#### Work instructions:
Entries follow. Give back exactly the lines starting at the one containing "<code> <loc_0><loc_0><loc_500><loc_500><_Python_># Copyright" and ending at the one containing "self.transcripts = list(transcripts.values())", and no other lines.

#### Extracted entries:
========

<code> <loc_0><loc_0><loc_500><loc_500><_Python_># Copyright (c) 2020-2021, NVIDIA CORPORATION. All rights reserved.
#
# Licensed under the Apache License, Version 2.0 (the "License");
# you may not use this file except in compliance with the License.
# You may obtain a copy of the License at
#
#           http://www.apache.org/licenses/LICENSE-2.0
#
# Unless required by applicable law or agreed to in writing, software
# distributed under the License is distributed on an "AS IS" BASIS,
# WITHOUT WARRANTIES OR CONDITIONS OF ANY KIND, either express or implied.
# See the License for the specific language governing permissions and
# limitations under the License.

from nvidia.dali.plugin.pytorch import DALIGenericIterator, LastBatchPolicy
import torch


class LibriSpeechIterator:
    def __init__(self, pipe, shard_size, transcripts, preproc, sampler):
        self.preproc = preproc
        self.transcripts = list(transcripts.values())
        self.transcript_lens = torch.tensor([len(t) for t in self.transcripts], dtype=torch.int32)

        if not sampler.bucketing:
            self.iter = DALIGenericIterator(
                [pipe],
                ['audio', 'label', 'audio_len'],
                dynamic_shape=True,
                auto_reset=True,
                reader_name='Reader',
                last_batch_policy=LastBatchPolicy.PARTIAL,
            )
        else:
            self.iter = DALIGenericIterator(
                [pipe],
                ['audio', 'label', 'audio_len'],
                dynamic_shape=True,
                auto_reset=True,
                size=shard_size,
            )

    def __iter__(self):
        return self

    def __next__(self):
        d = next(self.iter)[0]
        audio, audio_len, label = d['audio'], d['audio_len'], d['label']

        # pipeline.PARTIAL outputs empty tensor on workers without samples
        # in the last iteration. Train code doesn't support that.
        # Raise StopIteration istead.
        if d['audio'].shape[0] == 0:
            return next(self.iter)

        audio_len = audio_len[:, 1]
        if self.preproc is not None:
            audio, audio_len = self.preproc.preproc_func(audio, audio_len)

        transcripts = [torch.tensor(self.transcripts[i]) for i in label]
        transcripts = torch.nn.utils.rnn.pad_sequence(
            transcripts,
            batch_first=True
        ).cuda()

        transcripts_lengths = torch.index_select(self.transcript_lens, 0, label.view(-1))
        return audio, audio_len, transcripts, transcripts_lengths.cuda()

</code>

========

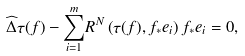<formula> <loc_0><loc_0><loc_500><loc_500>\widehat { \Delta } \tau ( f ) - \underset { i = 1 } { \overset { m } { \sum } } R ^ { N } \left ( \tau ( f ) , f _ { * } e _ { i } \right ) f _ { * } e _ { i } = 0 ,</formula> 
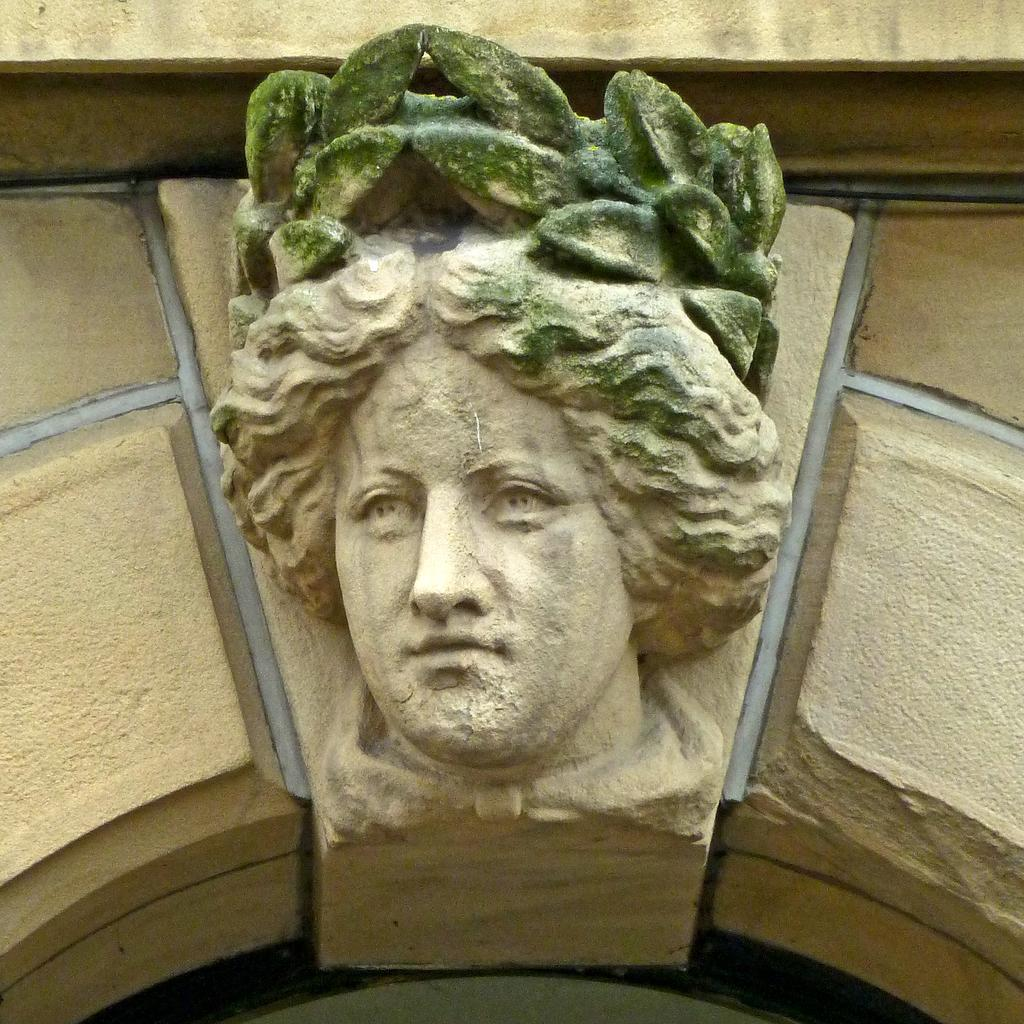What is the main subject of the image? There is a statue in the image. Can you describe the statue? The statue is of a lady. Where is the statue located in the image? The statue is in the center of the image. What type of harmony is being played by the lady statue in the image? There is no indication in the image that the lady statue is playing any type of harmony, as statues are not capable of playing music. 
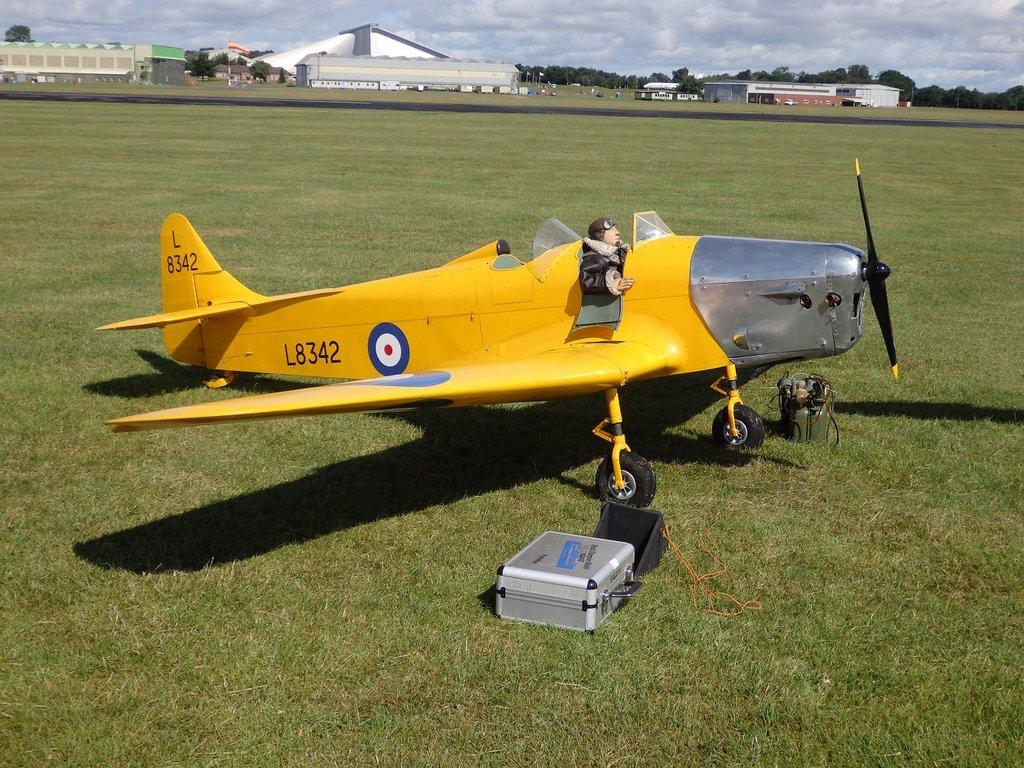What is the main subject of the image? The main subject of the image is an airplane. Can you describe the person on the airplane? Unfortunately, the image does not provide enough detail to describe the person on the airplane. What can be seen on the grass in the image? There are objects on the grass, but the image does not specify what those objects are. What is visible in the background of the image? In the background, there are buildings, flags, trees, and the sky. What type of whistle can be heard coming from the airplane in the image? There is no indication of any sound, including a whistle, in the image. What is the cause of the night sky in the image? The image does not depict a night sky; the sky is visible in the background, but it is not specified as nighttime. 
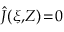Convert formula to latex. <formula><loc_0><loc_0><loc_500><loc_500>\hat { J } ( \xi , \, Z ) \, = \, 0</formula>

========

#### Output for this task:
<code> <loc_0><loc_0><loc_500><loc_500><_Python_># Copyright (c) 2020-2021, NVIDIA CORPORATION. All rights reserved.
#
# Licensed under the Apache License, Version 2.0 (the "License");
# you may not use this file except in compliance with the License.
# You may obtain a copy of the License at
#
#           http://www.apache.org/licenses/LICENSE-2.0
#
# Unless required by applicable law or agreed to in writing, software
# distributed under the License is distributed on an "AS IS" BASIS,
# WITHOUT WARRANTIES OR CONDITIONS OF ANY KIND, either express or implied.
# See the License for the specific language governing permissions and
# limitations under the License.

from nvidia.dali.plugin.pytorch import DALIGenericIterator, LastBatchPolicy
import torch


class LibriSpeechIterator:
    def __init__(self, pipe, shard_size, transcripts, preproc, sampler):
        self.preproc = preproc
        self.transcripts = list(transcripts.values())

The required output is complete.